You take the mix and the spread improvements together, our all-in cost of funds is down about 100 basis points, that's a lot of strength what it's got to this point. What gets us there going forward is we still have these dynamics that we've targeted a 60s beta, we're in the low 60s right now. We also still have a time deposit or CD dynamic going on, where it's roughly call it $30 billion for the CDs that are earning today 3.9% or so. When they wind off, they're either going to high rate savings or CDs priced at lower rates, you have that dynamic going on. On both sides of the balance sheet, we have tailwinds actually pushing them up.
Again, look, I recognize the Fed can move up or down or do different things, but the destination is clear, and these factors will end up being the ones that win out.

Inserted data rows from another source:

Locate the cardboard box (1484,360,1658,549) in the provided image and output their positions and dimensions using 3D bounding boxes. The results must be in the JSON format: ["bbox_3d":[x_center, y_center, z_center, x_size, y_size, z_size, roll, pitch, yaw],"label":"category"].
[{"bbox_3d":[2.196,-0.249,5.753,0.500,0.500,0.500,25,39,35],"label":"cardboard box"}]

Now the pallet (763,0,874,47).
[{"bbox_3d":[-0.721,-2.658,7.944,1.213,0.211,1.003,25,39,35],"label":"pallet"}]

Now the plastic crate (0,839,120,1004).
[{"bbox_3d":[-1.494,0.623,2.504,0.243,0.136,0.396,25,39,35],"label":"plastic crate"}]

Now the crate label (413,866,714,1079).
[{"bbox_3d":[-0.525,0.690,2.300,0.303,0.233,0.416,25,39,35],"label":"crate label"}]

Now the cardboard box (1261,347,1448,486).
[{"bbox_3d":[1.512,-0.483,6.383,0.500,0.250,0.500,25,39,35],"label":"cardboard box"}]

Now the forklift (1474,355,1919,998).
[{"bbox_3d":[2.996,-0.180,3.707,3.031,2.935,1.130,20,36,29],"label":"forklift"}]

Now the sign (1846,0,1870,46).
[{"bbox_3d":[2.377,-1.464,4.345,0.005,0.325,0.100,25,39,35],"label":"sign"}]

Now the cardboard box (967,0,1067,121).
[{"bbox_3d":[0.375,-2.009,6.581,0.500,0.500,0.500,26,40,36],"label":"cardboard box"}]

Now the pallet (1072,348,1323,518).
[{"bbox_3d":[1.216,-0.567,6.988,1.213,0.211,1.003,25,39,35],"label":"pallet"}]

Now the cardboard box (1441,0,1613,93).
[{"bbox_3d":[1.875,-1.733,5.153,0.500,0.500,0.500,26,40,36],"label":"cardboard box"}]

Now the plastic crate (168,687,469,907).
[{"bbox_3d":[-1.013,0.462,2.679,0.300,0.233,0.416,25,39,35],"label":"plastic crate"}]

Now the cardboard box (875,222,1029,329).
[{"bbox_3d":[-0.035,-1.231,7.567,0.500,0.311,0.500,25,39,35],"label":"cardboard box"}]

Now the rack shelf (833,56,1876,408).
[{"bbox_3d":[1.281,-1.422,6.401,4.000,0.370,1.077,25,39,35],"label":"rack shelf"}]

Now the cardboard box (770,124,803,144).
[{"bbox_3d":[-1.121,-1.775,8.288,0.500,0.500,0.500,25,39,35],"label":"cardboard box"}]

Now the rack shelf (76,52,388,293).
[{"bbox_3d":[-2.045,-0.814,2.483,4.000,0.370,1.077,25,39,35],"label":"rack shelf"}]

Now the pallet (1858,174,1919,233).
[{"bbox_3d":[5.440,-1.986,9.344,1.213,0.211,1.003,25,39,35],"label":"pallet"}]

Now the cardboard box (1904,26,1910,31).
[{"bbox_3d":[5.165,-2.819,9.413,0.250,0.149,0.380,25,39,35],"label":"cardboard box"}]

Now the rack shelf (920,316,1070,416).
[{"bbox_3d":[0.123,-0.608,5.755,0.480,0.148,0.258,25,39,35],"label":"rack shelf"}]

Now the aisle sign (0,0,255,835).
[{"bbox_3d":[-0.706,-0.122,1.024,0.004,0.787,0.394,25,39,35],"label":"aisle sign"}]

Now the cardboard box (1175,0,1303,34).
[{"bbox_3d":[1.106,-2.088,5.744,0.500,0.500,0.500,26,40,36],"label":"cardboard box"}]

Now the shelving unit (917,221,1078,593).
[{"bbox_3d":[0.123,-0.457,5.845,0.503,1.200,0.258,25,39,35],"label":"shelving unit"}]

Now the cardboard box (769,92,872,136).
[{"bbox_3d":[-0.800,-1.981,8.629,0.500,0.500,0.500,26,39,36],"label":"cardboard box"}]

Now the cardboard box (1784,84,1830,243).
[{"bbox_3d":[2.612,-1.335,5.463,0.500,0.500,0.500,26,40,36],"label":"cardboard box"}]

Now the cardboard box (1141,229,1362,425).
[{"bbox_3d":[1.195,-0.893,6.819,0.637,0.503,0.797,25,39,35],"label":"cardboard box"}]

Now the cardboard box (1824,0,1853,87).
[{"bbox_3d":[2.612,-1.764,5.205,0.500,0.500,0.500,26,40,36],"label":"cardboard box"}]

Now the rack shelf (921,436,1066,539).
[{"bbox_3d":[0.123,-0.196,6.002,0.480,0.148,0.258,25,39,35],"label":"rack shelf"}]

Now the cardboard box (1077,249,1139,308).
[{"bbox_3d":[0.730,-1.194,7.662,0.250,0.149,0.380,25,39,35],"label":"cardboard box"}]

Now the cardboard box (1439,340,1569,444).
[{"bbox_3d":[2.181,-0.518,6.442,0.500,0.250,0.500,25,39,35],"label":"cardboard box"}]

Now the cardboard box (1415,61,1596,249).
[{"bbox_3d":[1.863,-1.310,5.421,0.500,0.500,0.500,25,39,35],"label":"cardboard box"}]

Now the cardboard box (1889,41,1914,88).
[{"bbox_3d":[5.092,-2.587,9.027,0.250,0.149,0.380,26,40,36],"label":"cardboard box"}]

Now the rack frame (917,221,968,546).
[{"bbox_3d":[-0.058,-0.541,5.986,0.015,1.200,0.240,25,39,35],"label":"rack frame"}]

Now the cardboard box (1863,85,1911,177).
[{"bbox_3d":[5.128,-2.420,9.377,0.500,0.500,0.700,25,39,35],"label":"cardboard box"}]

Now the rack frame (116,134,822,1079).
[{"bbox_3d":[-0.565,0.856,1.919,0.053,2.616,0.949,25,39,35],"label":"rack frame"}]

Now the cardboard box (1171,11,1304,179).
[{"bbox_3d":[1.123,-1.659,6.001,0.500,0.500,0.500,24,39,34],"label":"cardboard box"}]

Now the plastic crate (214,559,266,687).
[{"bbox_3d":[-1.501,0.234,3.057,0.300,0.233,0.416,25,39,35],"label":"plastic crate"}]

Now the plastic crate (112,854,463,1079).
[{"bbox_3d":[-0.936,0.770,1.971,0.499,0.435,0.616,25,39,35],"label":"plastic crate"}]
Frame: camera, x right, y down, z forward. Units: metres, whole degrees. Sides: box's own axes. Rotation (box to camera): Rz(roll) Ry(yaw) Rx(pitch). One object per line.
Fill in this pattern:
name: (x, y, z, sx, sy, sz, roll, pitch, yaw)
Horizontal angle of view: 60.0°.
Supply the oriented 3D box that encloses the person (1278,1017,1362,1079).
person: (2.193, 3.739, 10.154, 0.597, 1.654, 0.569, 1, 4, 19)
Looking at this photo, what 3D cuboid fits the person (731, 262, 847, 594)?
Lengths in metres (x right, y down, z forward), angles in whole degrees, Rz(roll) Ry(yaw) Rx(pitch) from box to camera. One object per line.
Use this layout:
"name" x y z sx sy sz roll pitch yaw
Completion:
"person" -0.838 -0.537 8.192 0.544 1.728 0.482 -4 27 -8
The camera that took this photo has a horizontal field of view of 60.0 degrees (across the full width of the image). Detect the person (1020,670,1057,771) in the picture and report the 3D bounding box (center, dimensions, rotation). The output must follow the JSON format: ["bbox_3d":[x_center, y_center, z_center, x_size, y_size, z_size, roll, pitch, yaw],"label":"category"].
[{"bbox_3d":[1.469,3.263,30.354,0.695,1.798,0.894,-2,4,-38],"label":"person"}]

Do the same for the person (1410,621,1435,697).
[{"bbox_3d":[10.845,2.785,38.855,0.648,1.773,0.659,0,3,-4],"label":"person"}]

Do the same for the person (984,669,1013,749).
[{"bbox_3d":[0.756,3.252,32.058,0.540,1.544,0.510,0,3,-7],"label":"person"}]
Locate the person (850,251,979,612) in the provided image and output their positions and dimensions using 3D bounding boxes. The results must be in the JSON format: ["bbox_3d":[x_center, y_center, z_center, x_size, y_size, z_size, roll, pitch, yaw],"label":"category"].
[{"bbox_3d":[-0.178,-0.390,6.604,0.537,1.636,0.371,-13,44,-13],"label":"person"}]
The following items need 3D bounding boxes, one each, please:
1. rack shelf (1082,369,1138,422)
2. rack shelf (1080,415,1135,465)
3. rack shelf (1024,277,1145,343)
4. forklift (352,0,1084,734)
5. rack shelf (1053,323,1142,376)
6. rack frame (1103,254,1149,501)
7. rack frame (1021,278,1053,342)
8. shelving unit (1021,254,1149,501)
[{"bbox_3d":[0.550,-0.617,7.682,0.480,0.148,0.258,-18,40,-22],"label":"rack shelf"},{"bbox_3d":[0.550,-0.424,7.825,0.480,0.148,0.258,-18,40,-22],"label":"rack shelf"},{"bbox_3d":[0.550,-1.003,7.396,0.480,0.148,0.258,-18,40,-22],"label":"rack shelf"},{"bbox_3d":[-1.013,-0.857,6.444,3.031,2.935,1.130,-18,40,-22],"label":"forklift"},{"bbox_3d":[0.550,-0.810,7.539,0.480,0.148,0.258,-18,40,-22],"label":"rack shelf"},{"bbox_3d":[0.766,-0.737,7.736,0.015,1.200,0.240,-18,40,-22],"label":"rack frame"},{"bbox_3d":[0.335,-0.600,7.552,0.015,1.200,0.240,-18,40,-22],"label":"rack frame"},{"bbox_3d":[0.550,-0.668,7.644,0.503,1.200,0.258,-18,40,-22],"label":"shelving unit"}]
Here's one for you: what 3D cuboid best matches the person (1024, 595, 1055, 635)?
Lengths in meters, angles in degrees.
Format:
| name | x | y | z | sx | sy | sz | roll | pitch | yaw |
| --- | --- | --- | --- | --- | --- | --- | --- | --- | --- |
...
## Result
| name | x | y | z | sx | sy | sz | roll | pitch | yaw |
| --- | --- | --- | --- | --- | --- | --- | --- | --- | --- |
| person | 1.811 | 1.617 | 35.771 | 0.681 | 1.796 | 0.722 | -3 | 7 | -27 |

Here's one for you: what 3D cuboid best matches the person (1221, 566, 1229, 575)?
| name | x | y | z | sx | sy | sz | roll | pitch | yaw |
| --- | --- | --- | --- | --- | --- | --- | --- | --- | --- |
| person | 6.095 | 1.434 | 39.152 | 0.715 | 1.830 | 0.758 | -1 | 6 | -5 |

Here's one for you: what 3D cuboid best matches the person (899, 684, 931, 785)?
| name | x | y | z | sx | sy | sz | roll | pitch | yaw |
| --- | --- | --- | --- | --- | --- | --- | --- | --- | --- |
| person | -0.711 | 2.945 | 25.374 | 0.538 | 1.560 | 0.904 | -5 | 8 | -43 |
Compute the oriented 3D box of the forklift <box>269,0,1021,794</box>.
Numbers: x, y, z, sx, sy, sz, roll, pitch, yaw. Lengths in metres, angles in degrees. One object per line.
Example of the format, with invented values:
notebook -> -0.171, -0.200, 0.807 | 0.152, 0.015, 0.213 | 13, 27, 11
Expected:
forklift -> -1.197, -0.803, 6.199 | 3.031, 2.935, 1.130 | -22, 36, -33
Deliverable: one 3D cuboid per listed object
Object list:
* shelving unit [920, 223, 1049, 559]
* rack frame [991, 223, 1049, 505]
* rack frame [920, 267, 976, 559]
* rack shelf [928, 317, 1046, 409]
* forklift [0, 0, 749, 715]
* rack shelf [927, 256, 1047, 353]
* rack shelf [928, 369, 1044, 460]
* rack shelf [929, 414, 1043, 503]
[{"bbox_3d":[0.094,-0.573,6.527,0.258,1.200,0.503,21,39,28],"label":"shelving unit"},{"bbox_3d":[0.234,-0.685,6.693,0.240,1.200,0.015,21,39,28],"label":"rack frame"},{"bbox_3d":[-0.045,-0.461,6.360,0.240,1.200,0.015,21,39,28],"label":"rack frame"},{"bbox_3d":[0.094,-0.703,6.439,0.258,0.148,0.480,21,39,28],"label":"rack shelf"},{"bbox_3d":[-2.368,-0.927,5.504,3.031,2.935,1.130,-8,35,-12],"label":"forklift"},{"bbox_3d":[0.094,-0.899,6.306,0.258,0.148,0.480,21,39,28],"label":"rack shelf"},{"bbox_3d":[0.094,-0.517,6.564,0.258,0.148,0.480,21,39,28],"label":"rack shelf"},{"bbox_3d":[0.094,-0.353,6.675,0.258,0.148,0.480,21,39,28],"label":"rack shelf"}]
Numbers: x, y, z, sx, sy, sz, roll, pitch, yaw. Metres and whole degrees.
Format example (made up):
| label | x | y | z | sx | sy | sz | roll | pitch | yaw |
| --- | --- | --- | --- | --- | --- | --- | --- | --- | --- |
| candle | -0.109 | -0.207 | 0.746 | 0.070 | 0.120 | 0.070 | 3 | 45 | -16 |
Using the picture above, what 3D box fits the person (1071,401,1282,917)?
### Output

Rate hike wouldn't throw a spanner in the works.
Rate hike would slow us down.
Slow, but not prevent.
Yeah, that's right. Not prevent.
Yes. Okay. Then on charge-offs, 1.8%-2% retail auto-
Yes
-this year, the medium-term target is for 1.6%-1.8%. Similar question, what's the bridge there?
Yeah. The bridge there is that there are three primary factors that are impacting this. One is disciplined underwriting approach, and you see that in our S- tier mix relative to what we might have done historically. Second is servicing improvements. Third is just vintage rollover. I know we've talked a lot about the different vintages, but those three factors come into play. We see them all playing out, and if I just look at the data now, in order to have losses come down, you need less delinquency, better flow to loss, and better recoveries. All three are playing out. Delinquencies, four quarters in a row, they've been down. Flow to losses are at or near all-time lows. Used vehicle prices are holding up, so our severity's been in a positive place. NCO has been down for five consecutive quarters.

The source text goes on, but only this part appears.